■ Records contained in a dataset
---
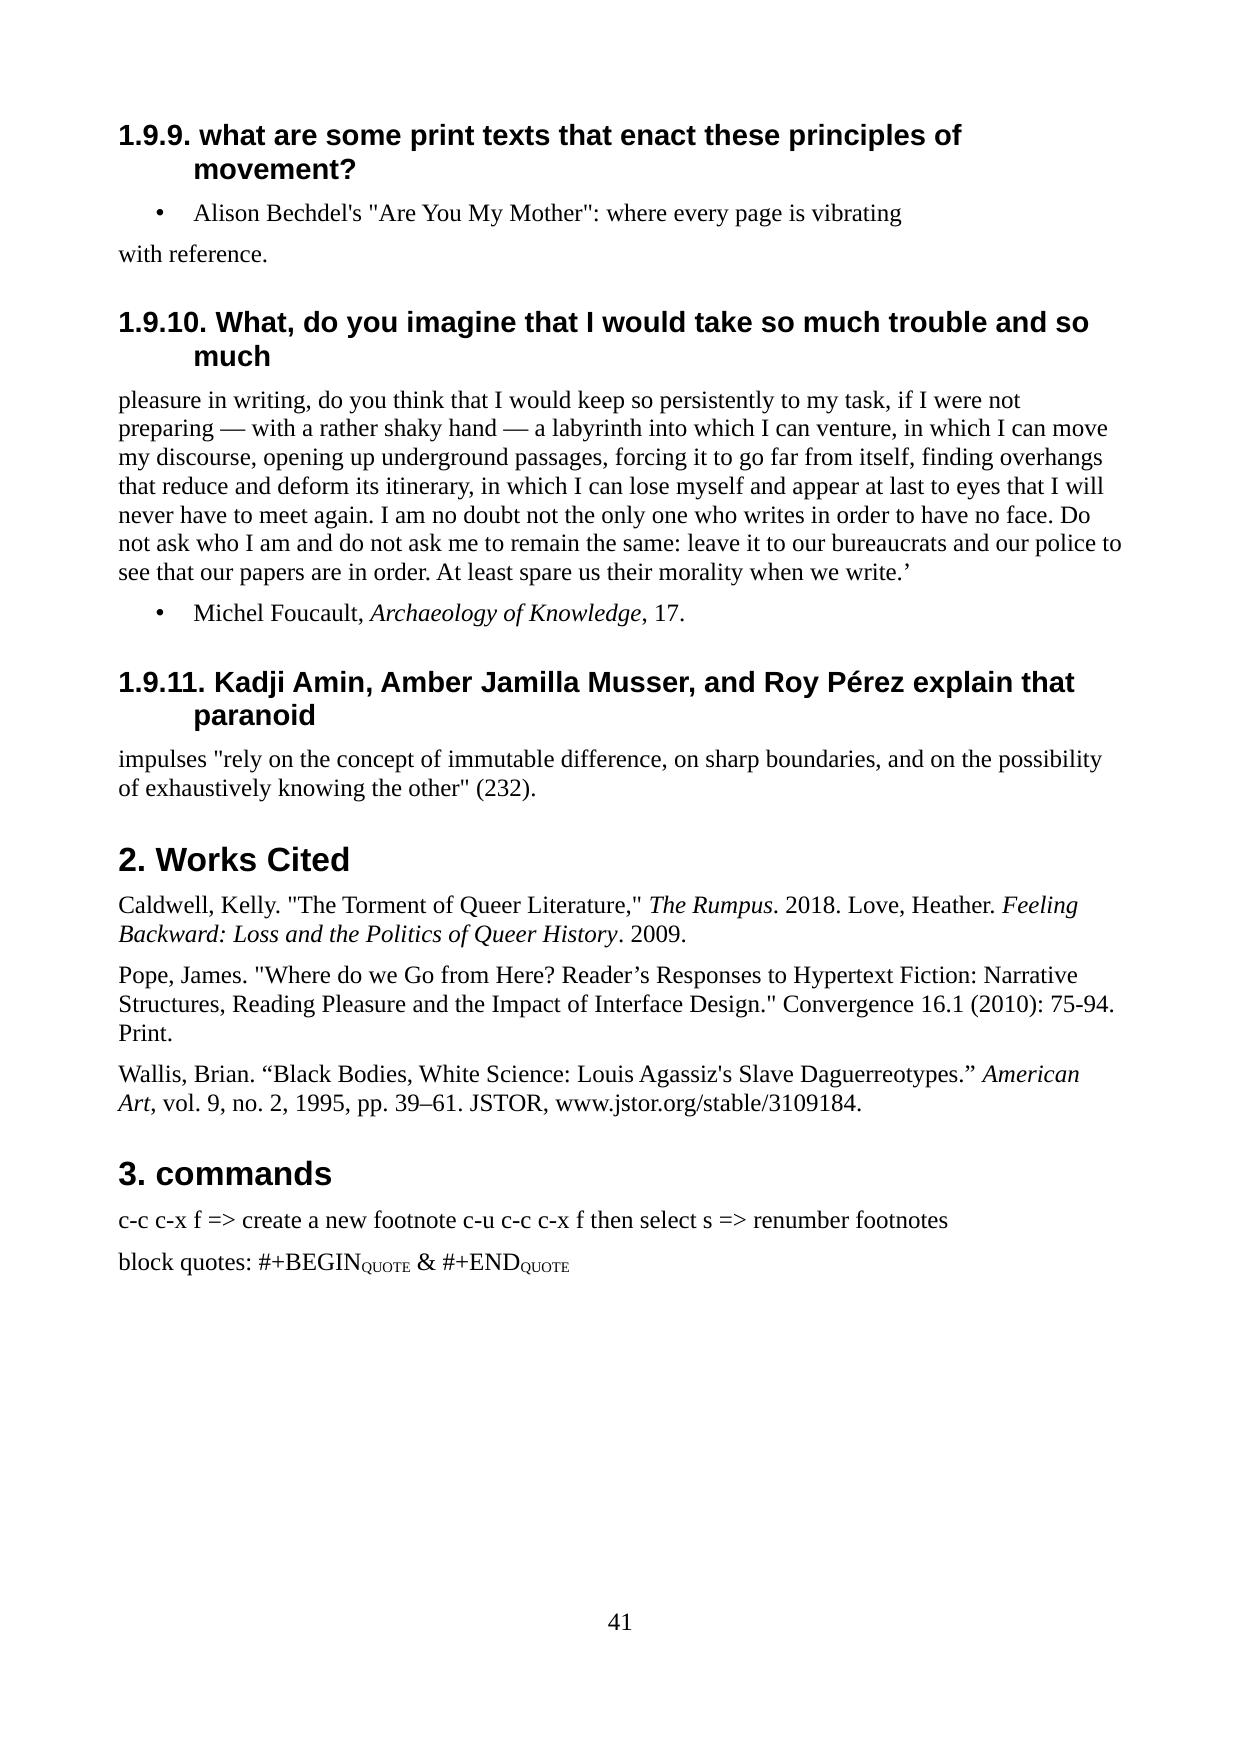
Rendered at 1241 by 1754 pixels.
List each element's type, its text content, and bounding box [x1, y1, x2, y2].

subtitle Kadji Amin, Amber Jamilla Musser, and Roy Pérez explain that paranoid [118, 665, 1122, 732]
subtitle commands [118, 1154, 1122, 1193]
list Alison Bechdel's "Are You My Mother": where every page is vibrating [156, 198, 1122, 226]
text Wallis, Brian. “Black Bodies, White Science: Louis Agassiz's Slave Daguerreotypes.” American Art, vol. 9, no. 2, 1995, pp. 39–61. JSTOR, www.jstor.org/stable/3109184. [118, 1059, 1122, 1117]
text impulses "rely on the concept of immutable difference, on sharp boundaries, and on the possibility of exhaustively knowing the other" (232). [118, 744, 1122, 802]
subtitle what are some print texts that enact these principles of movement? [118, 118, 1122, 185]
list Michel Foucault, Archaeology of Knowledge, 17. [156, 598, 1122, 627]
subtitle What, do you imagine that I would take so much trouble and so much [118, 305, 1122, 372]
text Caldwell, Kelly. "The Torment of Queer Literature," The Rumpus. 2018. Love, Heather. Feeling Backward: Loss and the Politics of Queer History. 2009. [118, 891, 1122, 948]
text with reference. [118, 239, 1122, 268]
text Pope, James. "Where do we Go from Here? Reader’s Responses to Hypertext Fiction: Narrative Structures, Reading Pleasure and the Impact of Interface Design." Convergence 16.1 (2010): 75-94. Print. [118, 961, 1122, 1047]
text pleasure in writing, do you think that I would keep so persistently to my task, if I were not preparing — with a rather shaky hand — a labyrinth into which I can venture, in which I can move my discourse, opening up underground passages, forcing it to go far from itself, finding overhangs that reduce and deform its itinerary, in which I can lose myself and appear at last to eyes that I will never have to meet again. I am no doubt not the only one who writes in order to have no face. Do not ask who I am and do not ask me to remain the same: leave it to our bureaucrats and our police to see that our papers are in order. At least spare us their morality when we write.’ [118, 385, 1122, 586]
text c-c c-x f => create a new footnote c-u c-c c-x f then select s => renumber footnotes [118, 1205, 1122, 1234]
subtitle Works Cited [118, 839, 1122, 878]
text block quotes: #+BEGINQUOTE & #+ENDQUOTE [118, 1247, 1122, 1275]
---
■ Directions for this task
The answer is the lines above between the line holding "List each element's" and the line holding "text with reference. [118, 239, 1122, 268]", inclusive, each written out exactly, and no others.

■ Written reply
List each element's type, its text content, and bounding box [x1, y1, x2, y2].

subtitle Kadji Amin, Amber Jamilla Musser, and Roy Pérez explain that paranoid [118, 665, 1122, 732]
subtitle commands [118, 1154, 1122, 1193]
list Alison Bechdel's "Are You My Mother": where every page is vibrating [156, 198, 1122, 226]
text Wallis, Brian. “Black Bodies, White Science: Louis Agassiz's Slave Daguerreotypes.” American Art, vol. 9, no. 2, 1995, pp. 39–61. JSTOR, www.jstor.org/stable/3109184. [118, 1059, 1122, 1117]
text impulses "rely on the concept of immutable difference, on sharp boundaries, and on the possibility of exhaustively knowing the other" (232). [118, 744, 1122, 802]
subtitle what are some print texts that enact these principles of movement? [118, 118, 1122, 185]
list Michel Foucault, Archaeology of Knowledge, 17. [156, 598, 1122, 627]
subtitle What, do you imagine that I would take so much trouble and so much [118, 305, 1122, 372]
text Caldwell, Kelly. "The Torment of Queer Literature," The Rumpus. 2018. Love, Heather. Feeling Backward: Loss and the Politics of Queer History. 2009. [118, 891, 1122, 948]
text with reference. [118, 239, 1122, 268]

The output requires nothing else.